TASK BRIEF
Some lines below hold "compact". Pick them out and copy them.

Items from a dataset
+ + + +
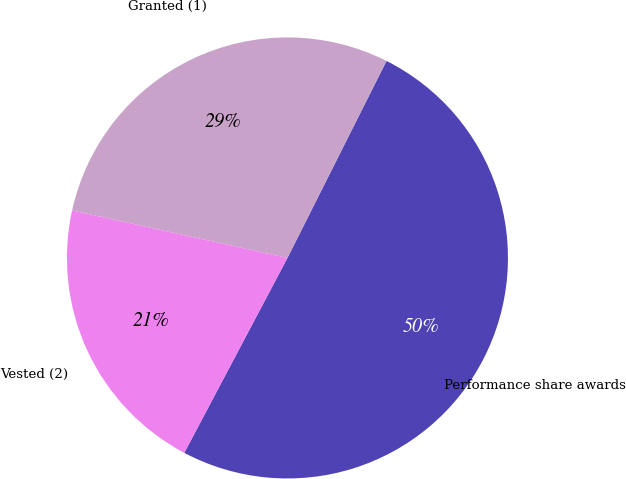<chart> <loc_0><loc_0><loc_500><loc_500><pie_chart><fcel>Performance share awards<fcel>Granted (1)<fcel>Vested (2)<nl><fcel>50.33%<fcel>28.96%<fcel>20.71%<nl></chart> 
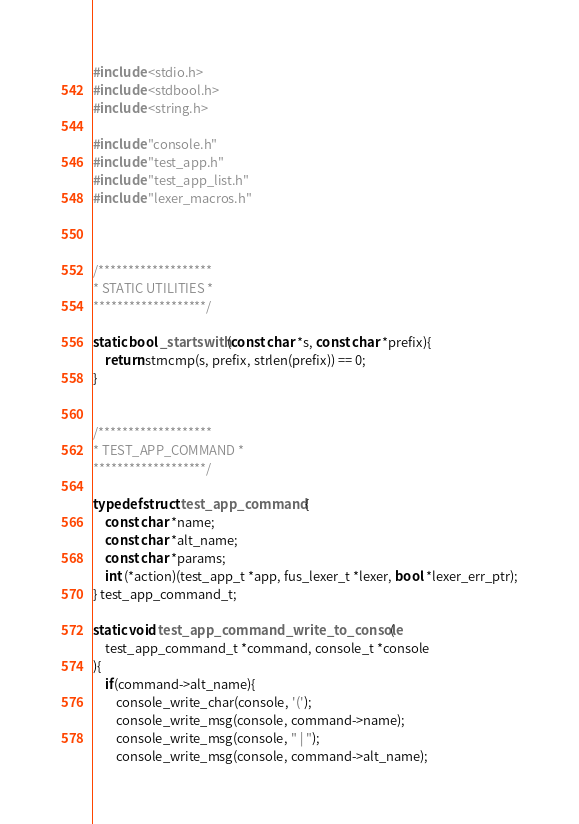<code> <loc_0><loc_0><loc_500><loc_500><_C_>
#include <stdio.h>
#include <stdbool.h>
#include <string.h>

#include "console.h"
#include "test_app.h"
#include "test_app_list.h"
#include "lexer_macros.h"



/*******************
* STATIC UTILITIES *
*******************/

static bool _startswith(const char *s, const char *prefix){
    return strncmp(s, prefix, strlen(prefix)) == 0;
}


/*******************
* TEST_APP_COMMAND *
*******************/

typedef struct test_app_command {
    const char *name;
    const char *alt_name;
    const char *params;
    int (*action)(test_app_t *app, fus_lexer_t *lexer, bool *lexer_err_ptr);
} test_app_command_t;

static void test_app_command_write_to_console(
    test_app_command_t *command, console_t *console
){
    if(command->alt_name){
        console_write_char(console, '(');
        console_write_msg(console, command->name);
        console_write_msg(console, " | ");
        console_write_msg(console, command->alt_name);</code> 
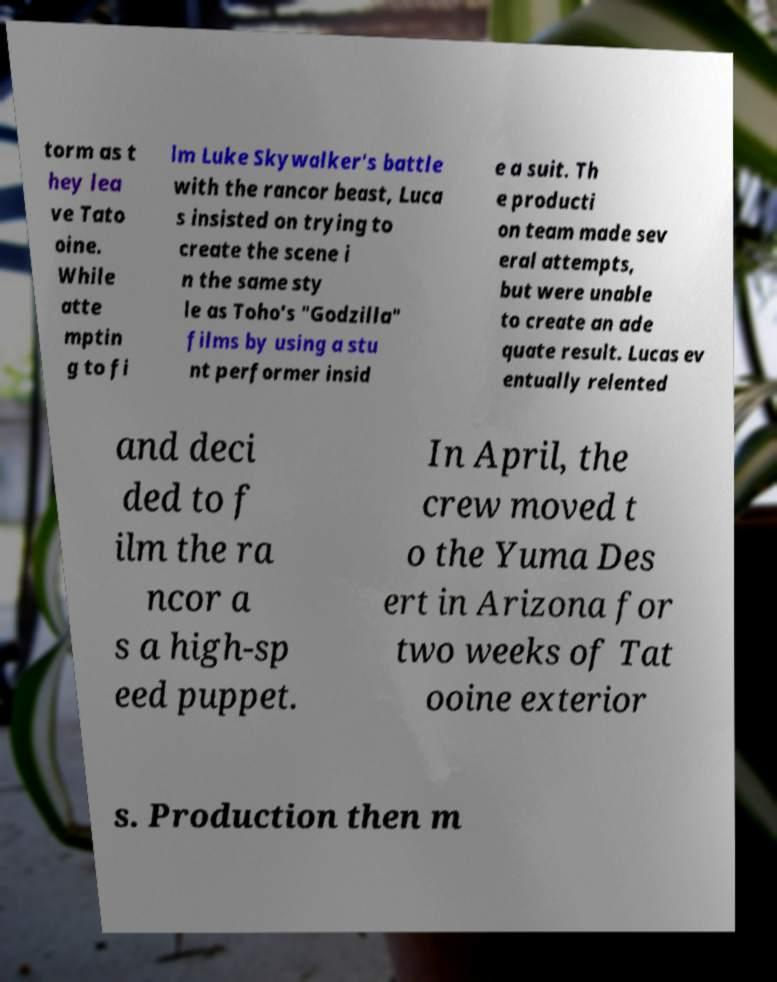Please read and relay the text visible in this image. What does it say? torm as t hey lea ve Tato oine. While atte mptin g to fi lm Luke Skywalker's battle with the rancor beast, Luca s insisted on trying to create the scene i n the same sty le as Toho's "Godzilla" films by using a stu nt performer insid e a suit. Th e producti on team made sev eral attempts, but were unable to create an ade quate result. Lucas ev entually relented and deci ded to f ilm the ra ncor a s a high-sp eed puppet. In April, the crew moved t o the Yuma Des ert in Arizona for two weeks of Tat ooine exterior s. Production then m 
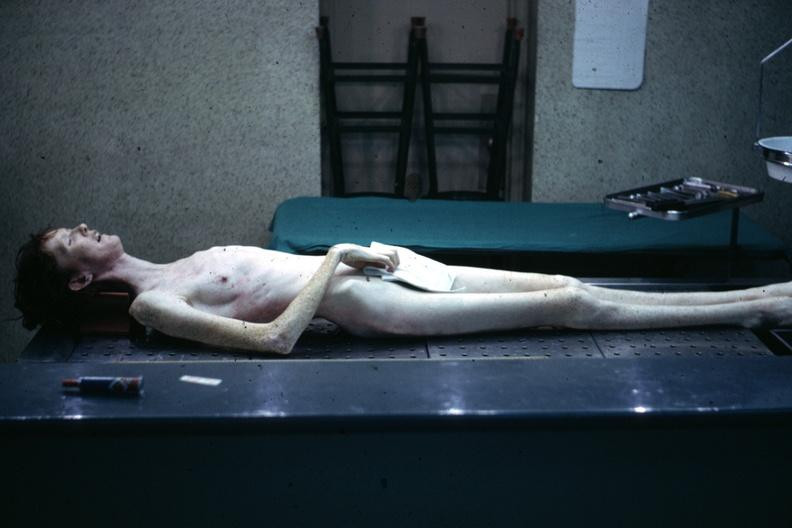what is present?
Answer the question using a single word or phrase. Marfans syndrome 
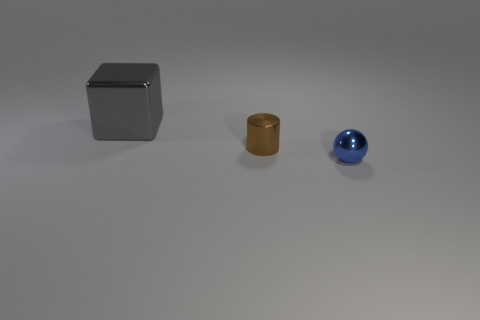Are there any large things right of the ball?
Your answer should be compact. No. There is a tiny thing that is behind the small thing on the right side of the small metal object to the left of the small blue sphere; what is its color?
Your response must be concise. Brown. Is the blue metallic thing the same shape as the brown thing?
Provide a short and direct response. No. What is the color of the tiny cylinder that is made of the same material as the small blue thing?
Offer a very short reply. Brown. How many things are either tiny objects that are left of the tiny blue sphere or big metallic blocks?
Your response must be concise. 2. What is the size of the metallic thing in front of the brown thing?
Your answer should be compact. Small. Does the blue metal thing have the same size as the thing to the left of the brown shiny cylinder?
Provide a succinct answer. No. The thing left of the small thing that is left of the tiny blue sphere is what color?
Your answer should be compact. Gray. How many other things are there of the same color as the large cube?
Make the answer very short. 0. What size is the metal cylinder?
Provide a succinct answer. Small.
+ + + +
ANSWER TO THIS EXERCISE
Your answer should be compact. No. There is a tiny thing that is behind the small thing on the right side of the small metal object to the left of the small blue sphere; what is its color?
Your answer should be compact. Small. Does the blue metal thing have the same size as the thing to the left of the brown shiny cylinder?
Your answer should be compact. Gray. How many other things are there of the same color as the large cube?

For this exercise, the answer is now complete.